(Data excerpts)

_____

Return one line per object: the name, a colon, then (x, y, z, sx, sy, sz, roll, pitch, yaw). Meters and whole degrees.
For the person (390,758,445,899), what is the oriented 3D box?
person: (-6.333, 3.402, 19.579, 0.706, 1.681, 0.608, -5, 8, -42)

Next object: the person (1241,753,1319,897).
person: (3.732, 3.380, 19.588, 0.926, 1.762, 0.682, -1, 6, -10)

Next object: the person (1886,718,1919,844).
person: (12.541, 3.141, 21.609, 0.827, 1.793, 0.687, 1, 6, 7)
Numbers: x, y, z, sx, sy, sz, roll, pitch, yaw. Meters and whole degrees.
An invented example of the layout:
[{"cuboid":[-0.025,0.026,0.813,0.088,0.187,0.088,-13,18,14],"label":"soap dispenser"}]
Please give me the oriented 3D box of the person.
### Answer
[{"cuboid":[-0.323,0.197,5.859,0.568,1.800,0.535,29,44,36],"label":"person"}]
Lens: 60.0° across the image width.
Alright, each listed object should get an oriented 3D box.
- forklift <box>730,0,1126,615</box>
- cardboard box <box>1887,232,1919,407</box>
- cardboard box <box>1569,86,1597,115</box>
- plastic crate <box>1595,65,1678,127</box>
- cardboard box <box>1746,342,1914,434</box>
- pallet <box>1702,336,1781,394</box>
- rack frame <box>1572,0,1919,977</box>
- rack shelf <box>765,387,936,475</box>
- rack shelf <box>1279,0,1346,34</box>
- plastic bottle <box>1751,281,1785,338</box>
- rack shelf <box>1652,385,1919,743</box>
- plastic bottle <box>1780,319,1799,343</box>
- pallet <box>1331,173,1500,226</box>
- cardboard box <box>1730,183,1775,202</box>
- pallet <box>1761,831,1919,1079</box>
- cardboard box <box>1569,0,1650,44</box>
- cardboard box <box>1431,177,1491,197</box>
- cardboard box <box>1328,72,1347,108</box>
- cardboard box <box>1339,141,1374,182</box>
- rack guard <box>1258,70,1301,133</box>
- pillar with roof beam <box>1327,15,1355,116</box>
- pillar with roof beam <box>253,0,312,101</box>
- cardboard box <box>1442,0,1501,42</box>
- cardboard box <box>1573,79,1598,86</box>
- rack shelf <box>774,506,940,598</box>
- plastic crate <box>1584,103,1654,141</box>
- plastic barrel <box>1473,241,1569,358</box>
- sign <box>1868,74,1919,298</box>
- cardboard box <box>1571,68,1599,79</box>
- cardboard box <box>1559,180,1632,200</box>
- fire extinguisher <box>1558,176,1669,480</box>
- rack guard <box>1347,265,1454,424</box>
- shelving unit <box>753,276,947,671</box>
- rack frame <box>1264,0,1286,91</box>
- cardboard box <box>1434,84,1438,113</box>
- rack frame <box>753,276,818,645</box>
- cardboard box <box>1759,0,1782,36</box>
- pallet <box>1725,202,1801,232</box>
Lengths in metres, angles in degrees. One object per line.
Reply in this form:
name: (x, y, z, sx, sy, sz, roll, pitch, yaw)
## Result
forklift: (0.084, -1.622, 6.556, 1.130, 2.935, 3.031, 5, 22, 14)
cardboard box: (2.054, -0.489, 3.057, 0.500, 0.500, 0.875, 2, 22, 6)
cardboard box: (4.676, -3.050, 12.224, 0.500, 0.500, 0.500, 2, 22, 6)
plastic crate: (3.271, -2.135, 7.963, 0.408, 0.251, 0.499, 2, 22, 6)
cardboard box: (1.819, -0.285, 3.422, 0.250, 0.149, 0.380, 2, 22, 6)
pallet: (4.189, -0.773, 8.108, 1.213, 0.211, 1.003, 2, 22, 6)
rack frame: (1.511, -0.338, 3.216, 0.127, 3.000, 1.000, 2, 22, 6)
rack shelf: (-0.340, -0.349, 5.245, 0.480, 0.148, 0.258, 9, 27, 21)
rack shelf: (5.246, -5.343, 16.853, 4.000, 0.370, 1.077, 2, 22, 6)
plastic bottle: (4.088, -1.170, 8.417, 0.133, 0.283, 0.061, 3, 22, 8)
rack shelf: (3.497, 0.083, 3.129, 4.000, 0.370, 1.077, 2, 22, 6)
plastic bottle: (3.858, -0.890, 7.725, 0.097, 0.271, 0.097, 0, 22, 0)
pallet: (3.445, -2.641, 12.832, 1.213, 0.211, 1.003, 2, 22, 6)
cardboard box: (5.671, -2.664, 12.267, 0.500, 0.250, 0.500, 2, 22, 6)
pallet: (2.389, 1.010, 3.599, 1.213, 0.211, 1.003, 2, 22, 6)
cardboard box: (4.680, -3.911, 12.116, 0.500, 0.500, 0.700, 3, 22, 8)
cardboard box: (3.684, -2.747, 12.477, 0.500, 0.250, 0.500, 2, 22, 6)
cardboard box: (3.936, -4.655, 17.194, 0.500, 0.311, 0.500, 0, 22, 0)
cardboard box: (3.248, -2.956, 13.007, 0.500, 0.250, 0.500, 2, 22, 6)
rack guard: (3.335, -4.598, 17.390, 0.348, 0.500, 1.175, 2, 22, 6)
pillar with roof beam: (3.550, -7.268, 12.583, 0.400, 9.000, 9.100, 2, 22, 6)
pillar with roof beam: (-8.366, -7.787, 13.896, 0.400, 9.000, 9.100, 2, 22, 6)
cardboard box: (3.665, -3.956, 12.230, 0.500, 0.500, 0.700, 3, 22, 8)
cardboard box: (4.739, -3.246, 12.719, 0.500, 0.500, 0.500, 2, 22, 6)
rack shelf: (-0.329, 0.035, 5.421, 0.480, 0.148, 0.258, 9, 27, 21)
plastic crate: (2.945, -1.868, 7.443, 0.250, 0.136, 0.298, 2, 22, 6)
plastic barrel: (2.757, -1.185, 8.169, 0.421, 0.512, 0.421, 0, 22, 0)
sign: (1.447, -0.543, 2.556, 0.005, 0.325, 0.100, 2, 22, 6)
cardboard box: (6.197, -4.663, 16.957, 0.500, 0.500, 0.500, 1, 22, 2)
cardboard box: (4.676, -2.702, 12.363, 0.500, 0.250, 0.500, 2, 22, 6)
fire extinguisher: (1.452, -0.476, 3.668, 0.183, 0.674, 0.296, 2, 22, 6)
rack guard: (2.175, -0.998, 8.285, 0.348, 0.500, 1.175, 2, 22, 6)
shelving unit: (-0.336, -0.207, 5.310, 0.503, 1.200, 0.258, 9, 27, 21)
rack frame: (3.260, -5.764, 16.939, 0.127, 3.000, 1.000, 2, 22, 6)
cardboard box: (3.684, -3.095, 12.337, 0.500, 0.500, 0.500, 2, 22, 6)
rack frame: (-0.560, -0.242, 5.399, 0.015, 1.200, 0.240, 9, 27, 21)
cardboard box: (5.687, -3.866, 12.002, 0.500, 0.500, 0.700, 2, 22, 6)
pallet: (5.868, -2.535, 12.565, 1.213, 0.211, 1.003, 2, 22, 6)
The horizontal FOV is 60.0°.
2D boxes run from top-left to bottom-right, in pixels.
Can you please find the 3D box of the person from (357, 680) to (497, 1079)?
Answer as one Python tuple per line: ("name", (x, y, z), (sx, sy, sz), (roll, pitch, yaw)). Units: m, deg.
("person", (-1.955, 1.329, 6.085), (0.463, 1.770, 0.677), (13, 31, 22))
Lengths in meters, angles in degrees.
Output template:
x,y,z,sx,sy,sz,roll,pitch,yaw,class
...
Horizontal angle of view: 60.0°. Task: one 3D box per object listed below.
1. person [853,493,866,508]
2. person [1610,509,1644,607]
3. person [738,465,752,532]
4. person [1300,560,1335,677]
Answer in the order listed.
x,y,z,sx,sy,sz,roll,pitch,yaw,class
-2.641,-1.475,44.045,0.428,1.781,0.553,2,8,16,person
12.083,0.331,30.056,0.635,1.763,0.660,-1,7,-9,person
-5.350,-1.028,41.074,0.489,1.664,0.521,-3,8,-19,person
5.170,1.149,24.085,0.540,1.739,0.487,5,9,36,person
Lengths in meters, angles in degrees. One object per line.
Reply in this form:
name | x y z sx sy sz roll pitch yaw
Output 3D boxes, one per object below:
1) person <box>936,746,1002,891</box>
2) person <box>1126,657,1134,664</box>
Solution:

_____

== Work instruction ==
If the string "whole" is in a line of the entries, pick that line out.

== Exercise output ==
Return one line per object: the name, a colon, then (x, y, z, sx, sy, sz, roll, pitch, yaw). Meters and whole degrees.
Numbers: x, y, z, sx, sy, sz, roll, pitch, yaw. Meters and whole degrees.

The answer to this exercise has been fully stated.